The book starts with the tsunami. You are taken straight to the event. That morning, when they saw the wave and began running. Running past her parents room, running, running. Getting into a jeep and finding her music friend and her father also in the jeep there. You understand, the panic at the moment, when she talks about the music friend's mother unable to clamber onto the jeep, being left behind, and the father jumping out to be with her. All seems well, there is no water in the car park, the hotel is as it should be. But soon after the jeep is in water, water in the jeep, up to the chest, then it turns over.
She next wakes up after it is all over. When she is rescued she is all alone. No husband, no children, no friend. She is found and taken to the ticket office at the entrance to the park. Then later to the hospital.
From then on, Sonali relates the events that followed and what happened to her and her life on the loss of virtually her whole family. She gives you in blinding detail her thoughts, her feelings, her suicidal wishes, her support system, her inability to cope with the loss and how some nine years later, it is still raw, still painful, still horrible. She is still alone. She writes well, and she write honestly. There is even humour in this book, and that is an amazing feat.
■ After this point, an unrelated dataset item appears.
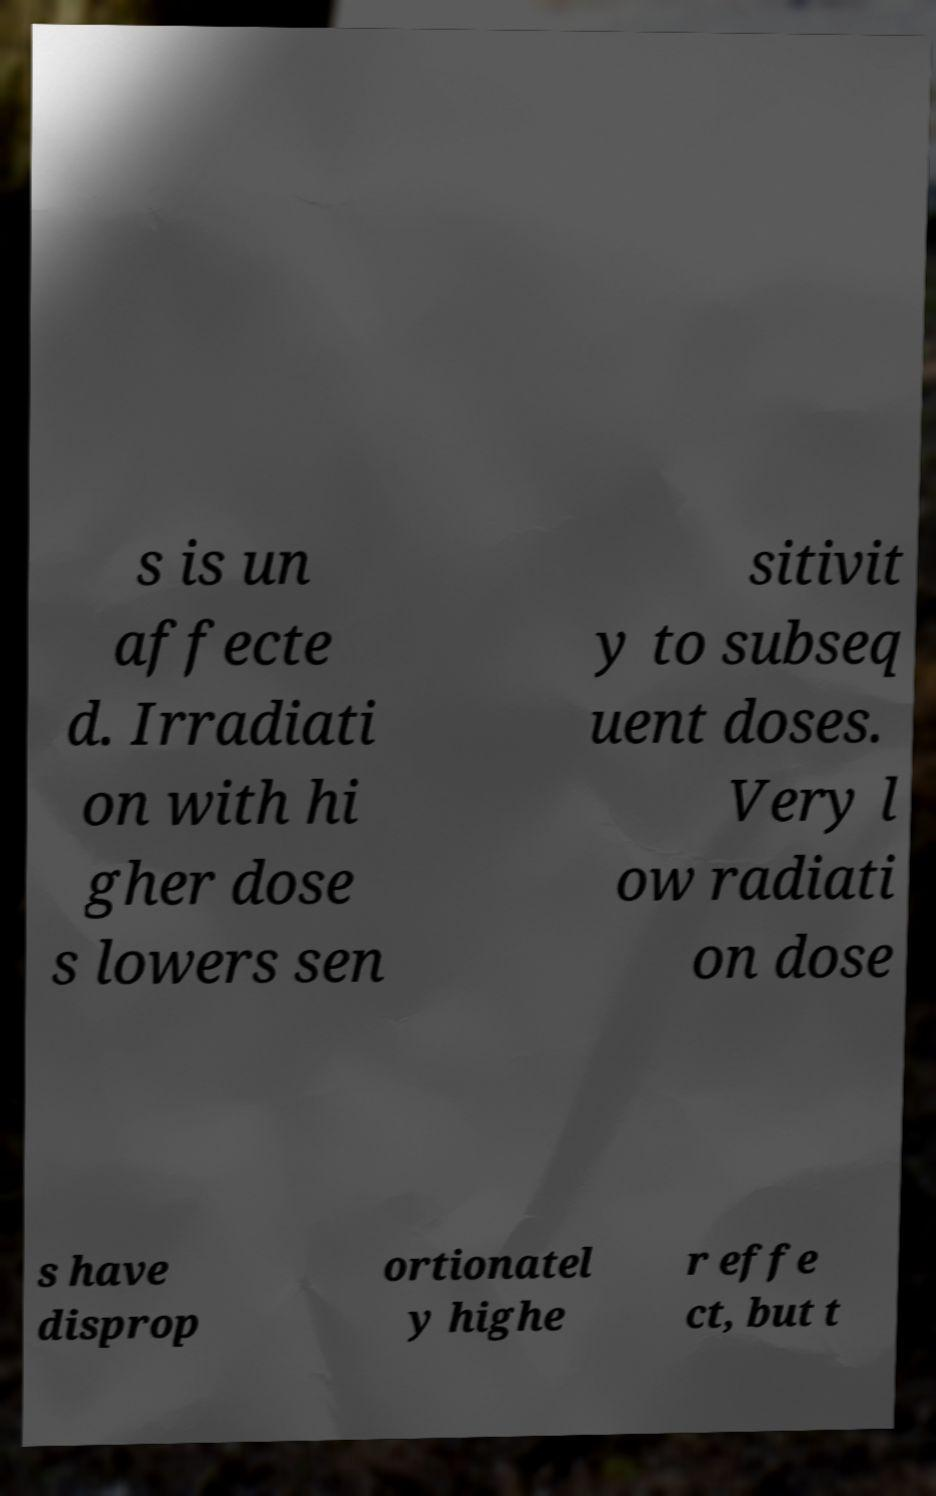I need the written content from this picture converted into text. Can you do that? s is un affecte d. Irradiati on with hi gher dose s lowers sen sitivit y to subseq uent doses. Very l ow radiati on dose s have disprop ortionatel y highe r effe ct, but t

She is a very brave woman, I thought, at times. She is so open about her feelings. She is so frank and wishes to portray it as it is, no whitewashing here.
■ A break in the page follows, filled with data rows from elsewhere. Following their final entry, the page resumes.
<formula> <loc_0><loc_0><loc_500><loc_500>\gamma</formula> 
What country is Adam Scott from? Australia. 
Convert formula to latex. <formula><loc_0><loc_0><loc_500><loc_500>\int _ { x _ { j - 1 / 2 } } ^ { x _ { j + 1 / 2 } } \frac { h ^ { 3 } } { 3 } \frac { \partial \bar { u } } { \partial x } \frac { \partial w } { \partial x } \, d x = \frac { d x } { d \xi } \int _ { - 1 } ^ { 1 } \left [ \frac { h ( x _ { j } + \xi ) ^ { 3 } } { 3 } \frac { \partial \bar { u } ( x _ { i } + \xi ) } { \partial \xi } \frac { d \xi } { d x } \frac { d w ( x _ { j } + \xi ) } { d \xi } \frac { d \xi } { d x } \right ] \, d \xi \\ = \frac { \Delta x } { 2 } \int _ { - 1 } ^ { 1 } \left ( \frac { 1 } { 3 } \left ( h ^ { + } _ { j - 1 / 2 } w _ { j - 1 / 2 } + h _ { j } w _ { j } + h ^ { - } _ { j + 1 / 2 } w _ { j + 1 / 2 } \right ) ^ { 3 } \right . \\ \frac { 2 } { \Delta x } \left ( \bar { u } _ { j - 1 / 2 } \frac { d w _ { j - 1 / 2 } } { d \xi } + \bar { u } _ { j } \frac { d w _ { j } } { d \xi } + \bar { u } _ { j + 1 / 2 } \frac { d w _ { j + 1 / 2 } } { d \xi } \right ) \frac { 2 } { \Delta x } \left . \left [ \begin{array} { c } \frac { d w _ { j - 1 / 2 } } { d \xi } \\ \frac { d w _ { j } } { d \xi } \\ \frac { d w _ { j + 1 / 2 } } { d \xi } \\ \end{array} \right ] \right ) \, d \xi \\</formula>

I had feelings, when I was reading the book. But I don't want to talk about them now, I will mention them later in this review. At the end of the book, I closed it and continued to sit on the chair by the window, looking out at the street below, watching cars and people walk by and thought of Sonali and her tragedy.
But now, here is my secret, I just didn't like the book. I was moved, I was sad, I thought it the most horrible thing to happen to a person, but what did it teach me? What was left when I finished the book?
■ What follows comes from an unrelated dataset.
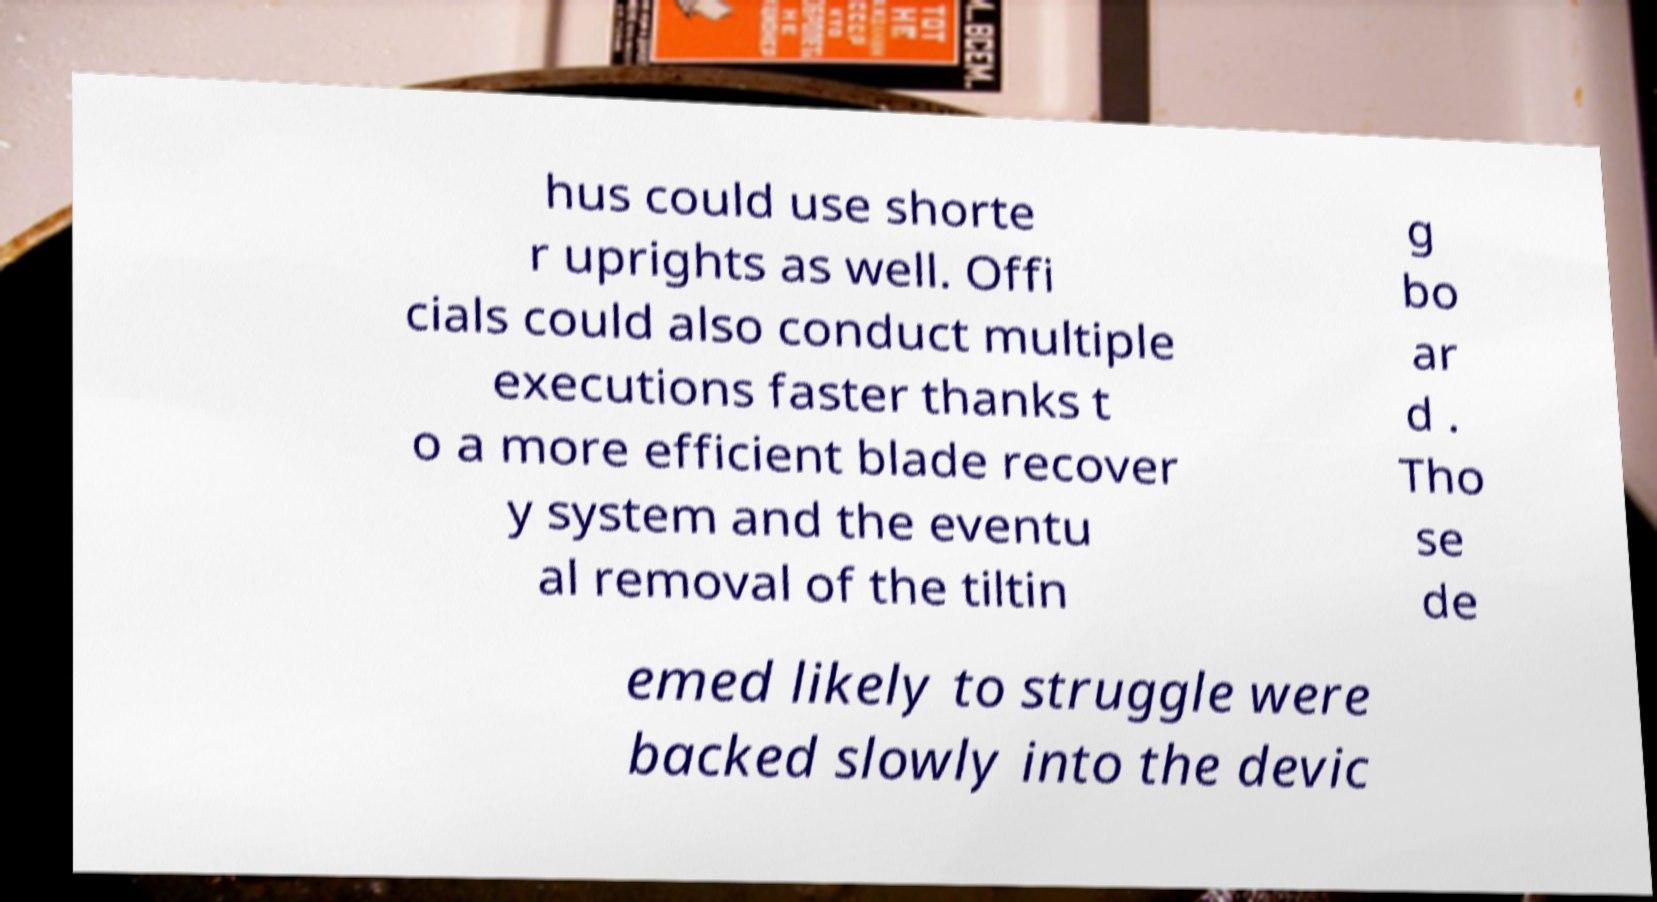For documentation purposes, I need the text within this image transcribed. Could you provide that? hus could use shorte r uprights as well. Offi cials could also conduct multiple executions faster thanks t o a more efficient blade recover y system and the eventu al removal of the tiltin g bo ar d . Tho se de emed likely to struggle were backed slowly into the devic 
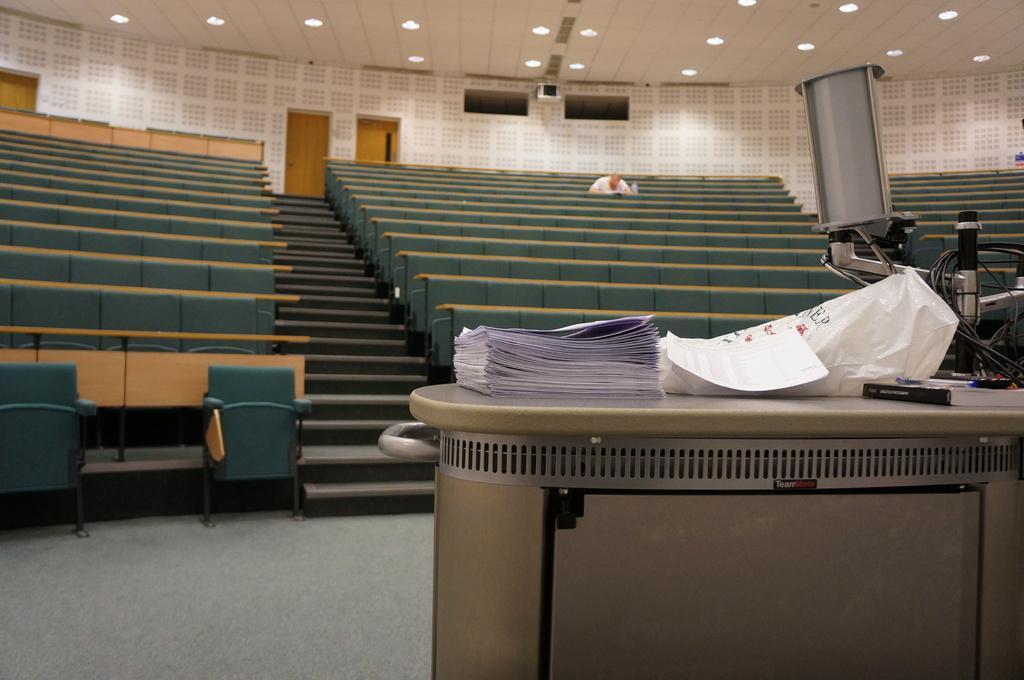Please provide a concise description of this image. In the image in the center, we can see one table. On the table, we can see papers, on plastic cover, box, etc.. In front of the table, we can see one object. In the background there is a wall, doors, lights, chairs, one person sitting and a few other objects.

I have read any number of personal tragedy stories, all quite different from Sonali's, some to do with gang rape, others of wrongful imprisonment, of torture, of hostage, of losing family under different circumstances, of war, natural disasters etc, but I was drawn to each of those books, because the survivor (because you have to be a survivor in some sense to even write about the event) has come to some resolution. Despite all they have gone through, they have come to a point in their life, where some peace, some enlightenment, for lack of a better word has entered their soul. And then I realized, that is what has happened. When Sonali lost her family, she lost her soul. The entire book is an ode to herself. It is to some extent self-centered in a way and there is a refusal to change. She is unable to change, move forward, understand what has happened. She lives continually in that moment, unable to see anything or anyone else.
I thought about the hundreds of other women on the North or East Coast who endured first war, then the tsunami and lost many family members. I thought of those on the South Coast who were poor and then the tsunami came and took everything including family members. If they wrote their story, how would it be, what would their lives be like, their mental state etc. And yes, they didn't, so we have this story to show us, what perhaps thousands of others have gone through and are possibly going through. But, somehow, I know, that there is a different story out there, of someone who came out of it and would show me through her example, through her loss and resolution, what it is to be a greater human being. Someone who can teach me how to be a better person. How, after going through the most horrible loss, can still come out of it and show me, teach me, what is to be human. And you know what? I have discovered, that there are others out there, who also didn't like the book for the same reasons. It seems almost heartless to not like the book, but there you have it. I too have to be honest about a book I read.